» Action item
Give the entries back exactly as they stand, but without pictures.

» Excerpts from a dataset
•••

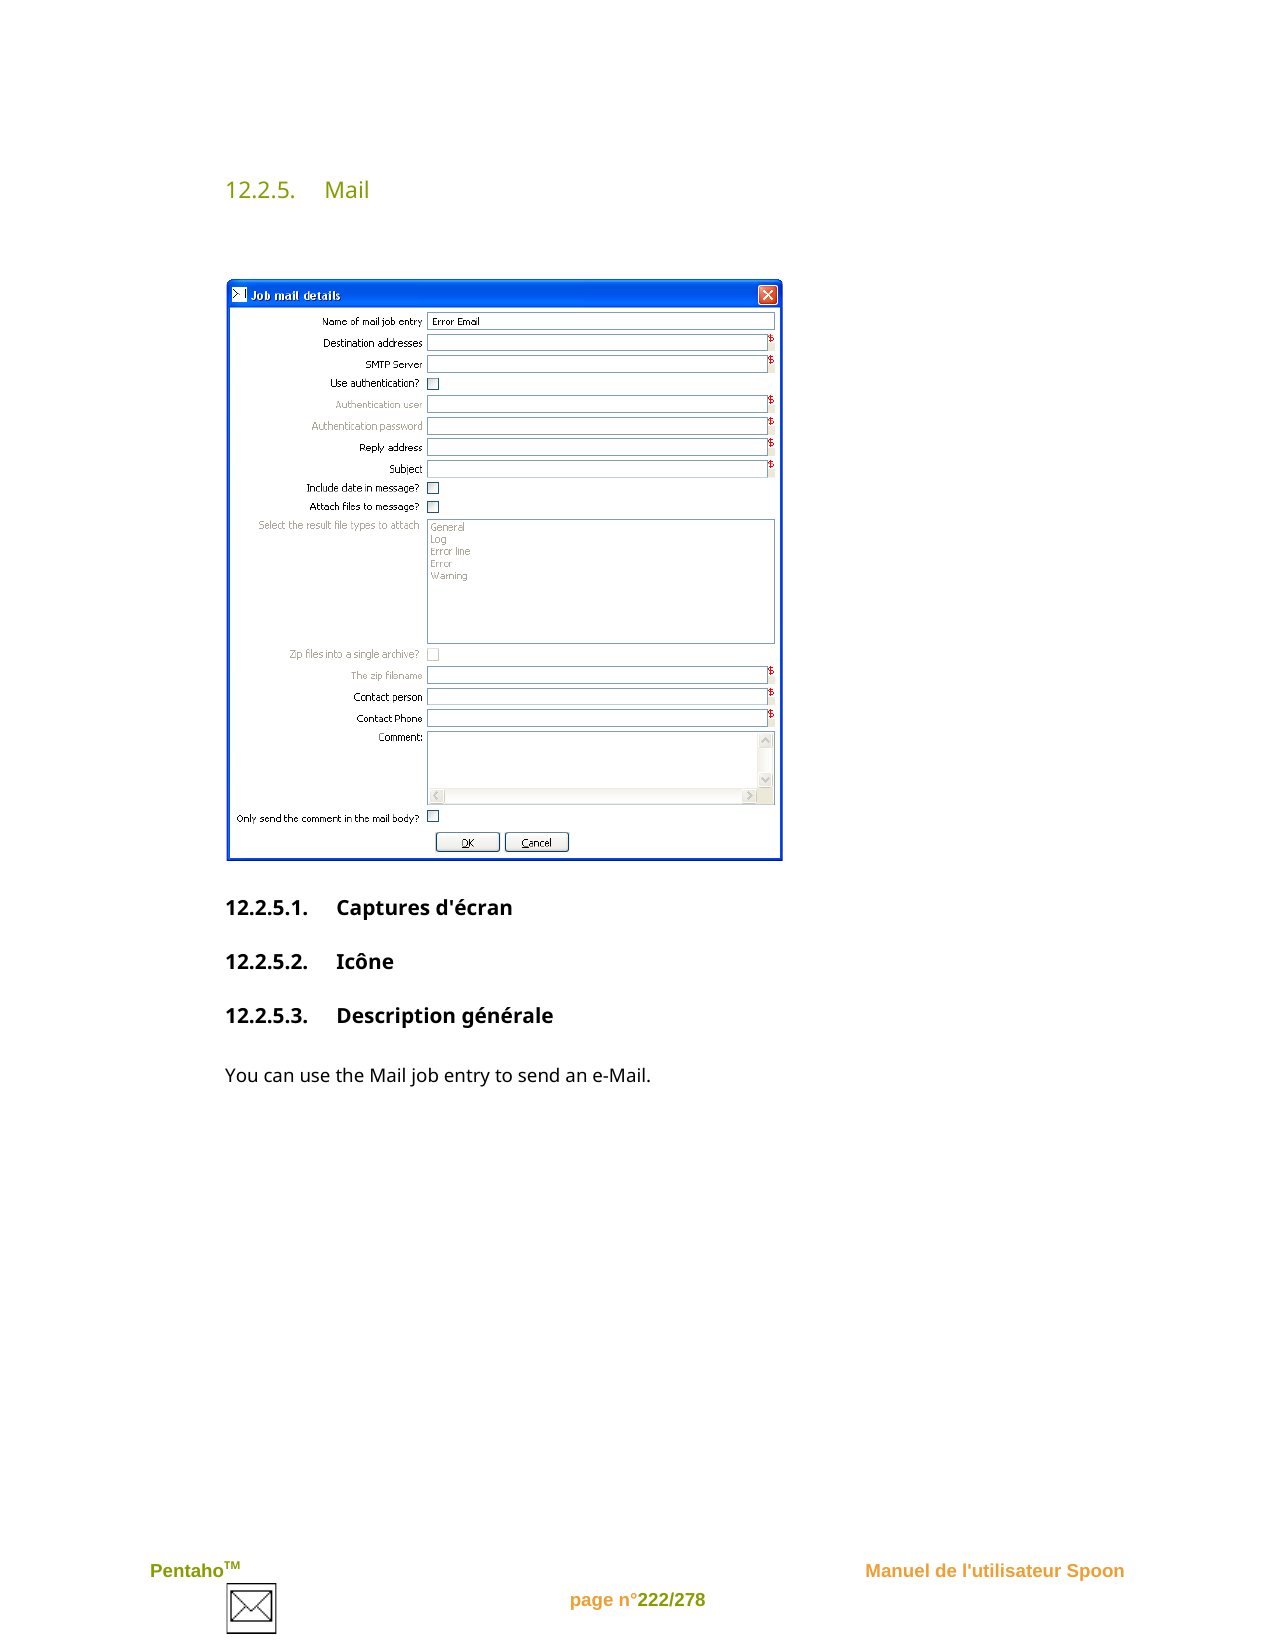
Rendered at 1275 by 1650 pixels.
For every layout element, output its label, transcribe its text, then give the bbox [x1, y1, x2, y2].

subtitle Icône [225, 946, 1125, 975]
text You can use the Mail job entry to send an e-Mail. [225, 1059, 1125, 1088]
picture [226, 279, 783, 861]
subtitle Captures d'écran [225, 229, 1125, 921]
picture [226, 1583, 277, 1634]
subtitle Mail [225, 175, 1125, 204]
subtitle Description générale [225, 1000, 1125, 1029]

•••

» Your response
Rendered at 1275 by 1650 pixels.
For every layout element, output its label, transcribe its text, then give the bbox [x1, y1, x2, y2].

subtitle Icône [225, 946, 1125, 975]
text You can use the Mail job entry to send an e-Mail. [225, 1059, 1125, 1088]
picture [226, 279, 783, 861]
subtitle Captures d'écran [225, 229, 1125, 921]
picture [226, 1583, 277, 1634]
subtitle Mail [225, 175, 1125, 204]
subtitle Description générale [225, 1000, 1125, 1029]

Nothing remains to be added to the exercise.